When Jesus approached the Samaritan woman at the well he broke several taboos. It was not customary even for a husband to speak to his wife in public, but Jesus not only spoke to but discussed with a woman a theological matter. As a Jew he asked to drink from a Samaritan's ritually unclean bucket of water. Finally he did not avoid her even if he knew she had lived with five men in the past. Jesus is willing to break traditions in order to bring the Good News to everyone. He does it in such gentle and kind ways: he asks for a glass of water. She does not know how to handle that question but Jesus promises he can provide water that will quench anyone's thirst and tells her about the water of life. When the Samaritan woman was talking to Jesus, she knew she was talking to a holy man. We know she was talking to God. He knows everything about us. Yet he did not condemn or demean her, but gently guided her and led her to the source of life. She then went and told the rest of the community about this man who would give the water of life.
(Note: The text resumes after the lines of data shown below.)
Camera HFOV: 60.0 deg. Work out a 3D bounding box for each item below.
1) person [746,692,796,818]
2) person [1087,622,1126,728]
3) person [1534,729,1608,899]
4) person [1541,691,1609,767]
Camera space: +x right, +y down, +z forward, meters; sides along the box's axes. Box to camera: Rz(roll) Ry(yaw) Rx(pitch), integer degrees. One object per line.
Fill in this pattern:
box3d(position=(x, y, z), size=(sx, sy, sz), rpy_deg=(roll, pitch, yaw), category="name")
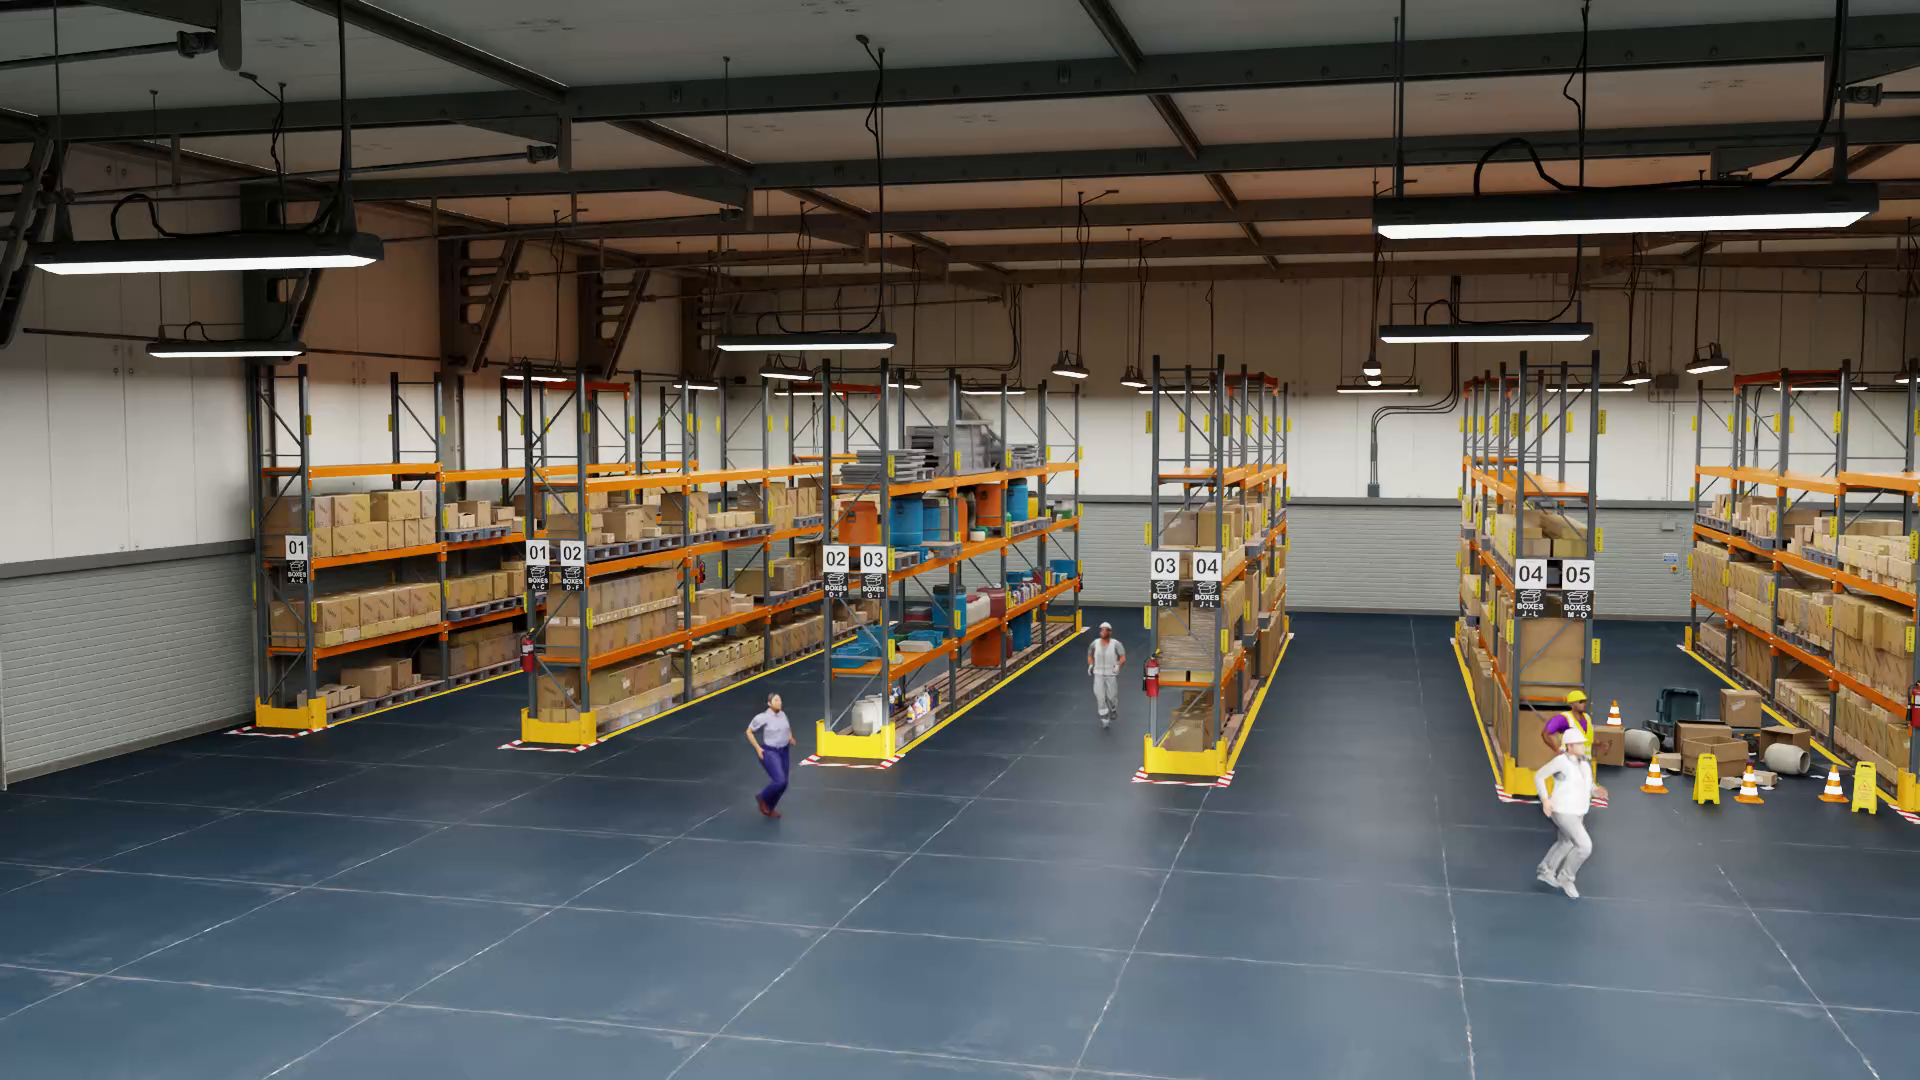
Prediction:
box3d(position=(-2.325, 2.831, 21.085), size=(0.574, 1.423, 0.580), rpy_deg=(3, 5, 37), category="person")
box3d(position=(2.400, 2.223, 27.393), size=(0.643, 1.741, 0.586), rpy_deg=(1, 4, 14), category="person")
box3d(position=(6.499, 2.903, 17.693), size=(0.621, 1.801, 0.811), rpy_deg=(-3, 5, -40), category="person")
box3d(position=(7.618, 2.722, 20.473), size=(0.704, 1.732, 0.596), rpy_deg=(-2, 4, -29), category="person")

If we look at the example of Pope Francis, we realize how often he breaks many past traditions. He shuns the papal residence and opts for the simple communal room. He makes it a point to be with the people that he has been appointed to serve - the gardeners, the guards and staff at the Vatican who come to celebrate Mass with him.
The Sacrament of Reconciliation is a wonderful gift that allows us to be reconciled to God. It first asks us to ask the Lord to reconcile ourselves with those that we have offended. But more importantly, it is a moment of turning away from sin and choosing God. There is also an element of forgiving of oneself in the sacrament of reconciliation, a joyful moment where we can experience God's mercy and compassionate love.
When we come to think of it, Jesus comes to search each of us and offers us the water of life. He knows each of us by name and he has better records of our past than anyone of us would like to imagine. But that is not what the Lord is interested in. He asks us to transform our lives and to proclaim the Good News as the Samaritan woman did. The Gospel points out that the Samaritan woman spread the news to the people of the village and many of the people came to believe Jesus. The joyful presence of the Lord is contagious which can translate to bringing others to the God. A life well lived and spent for others can be a powerful invitation to come to God. So we pray that we have more people like the Samaritan woman who will listen to the word of God and invite others to the Lord.
We pray ...
... for a deep and profound respect for life, especially for the unborn.
... for all the prayer intentions in the MTQ Dailyprayer Diary.
... for families who are in need of healing.
... for world peace and reconciliation.
…for the special intentions
* Leah Ang
Finally, we pray for one another, for those who have asked our prayers and for those who need our prayers the most.
Have a good day!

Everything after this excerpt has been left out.